Special Session Title: Media Authenticity in the Age of Artificial Intelligence
Organisers: Deepayan Bhowmik, Newcastle University, United Kingdom
Frederik Temmermans, Vrije Universiteit Brussel / imec, Belgium
Description:
Recent advances in artificial intelligence, especially deep learning, for media manipulation enables users to produce near-realistic media content that is almost indistinguishable from authentic content to the human eye. These developments open a multitude of opportunities, from creative content production, the art industry, and digital restoration to image and video coding. However, they also lead to the risk of the spread of manipulated media such as deepfakes which often lead to copyright infringements, social unrest, the spread of rumours for political gain or encouraging hate crimes.

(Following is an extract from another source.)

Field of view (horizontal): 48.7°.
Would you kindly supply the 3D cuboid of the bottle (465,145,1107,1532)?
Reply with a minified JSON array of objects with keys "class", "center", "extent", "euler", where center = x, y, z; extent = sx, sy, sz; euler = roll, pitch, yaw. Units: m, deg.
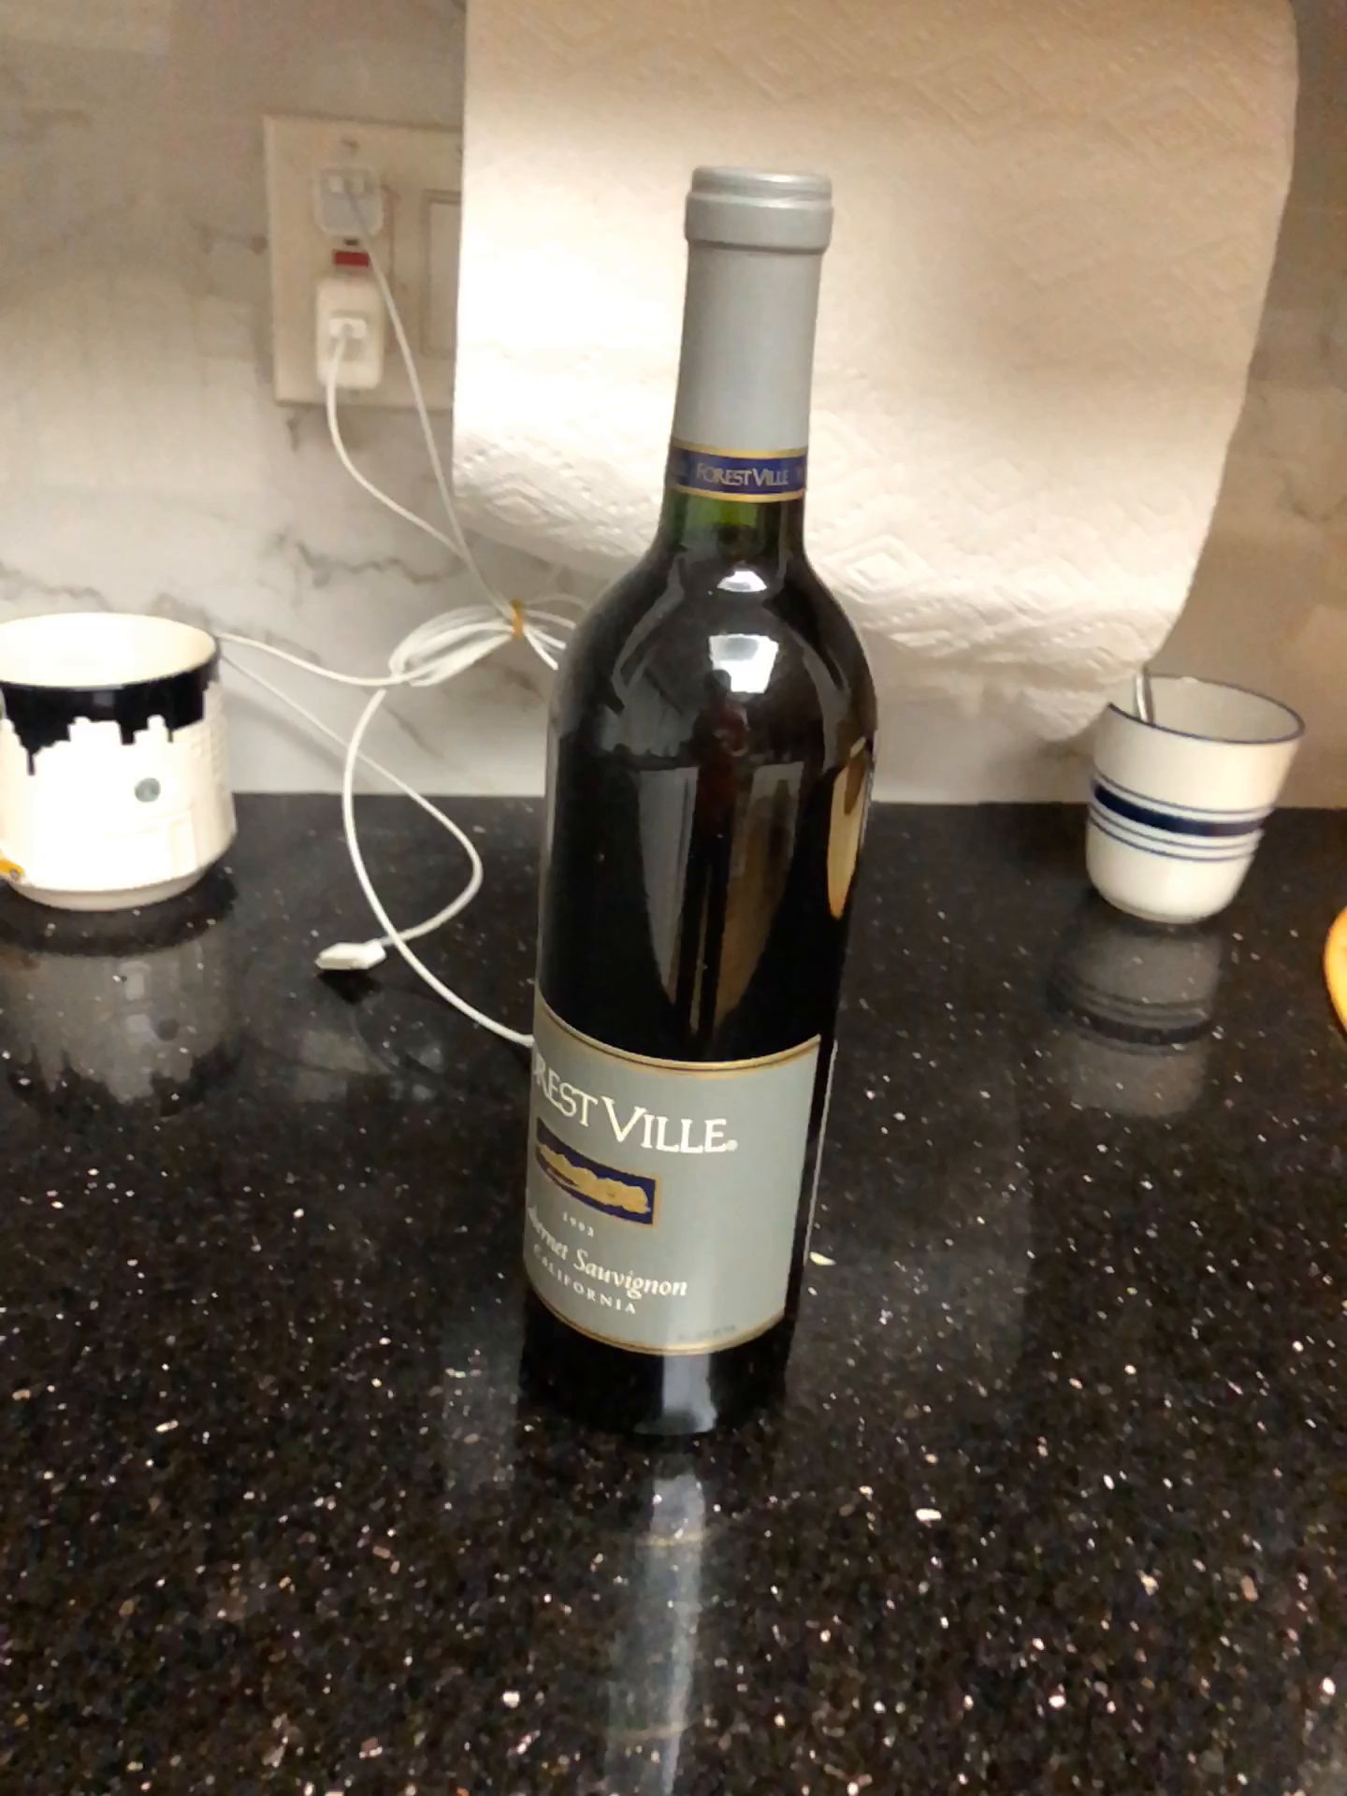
[{"class":"bottle","center":[0.015,-0.006,0.351],"extent":[0.080,0.298,0.090],"euler":[24,32,32]}]

While the term Fake Media is often associated with the latter, we consider it in the context of media modification covering both good and bad usage scenarios.
This special session aims to solicit papers addressing the current advances in the fake media/media authentication domain. This includes, but not limited to, the use of machine learning / artificial intelligence in
● creative content production
● media restoration
● media privacy and security
● media manipulation (including deepfake) detection
● media integrity, authenticity and provenance
● initiatives to standardisation
Biography of Organisers:
Deepayan Bhowmik (deepayan.bhowmik@newcastle.ac.uk) is a Senior Lecturer (Associate Professor) in the School of Computing at Newcastle University, United Kingdom. His research expertise includes fundamental image/signal processing, embedded imaging on heterogeneous hardware and related applications, e.g., media security, multimodal remote sensing for environmental monitoring etc. Dr Bhowmik received his PhD in Electronic and Electrical Engineering (image processing major), from the University of Sheffield, UK in 2011. Previously he worked at the University of Sheffield and Heriot-Watt University, Edinburgh, UK as a research associate, and Sheffield Hallam University and University of Stirling, UK as a lecturer in computing. He received a prestigious Dorothy Hodgkin postgraduate award and multiple research grants from various UK research councils, EU, and industry.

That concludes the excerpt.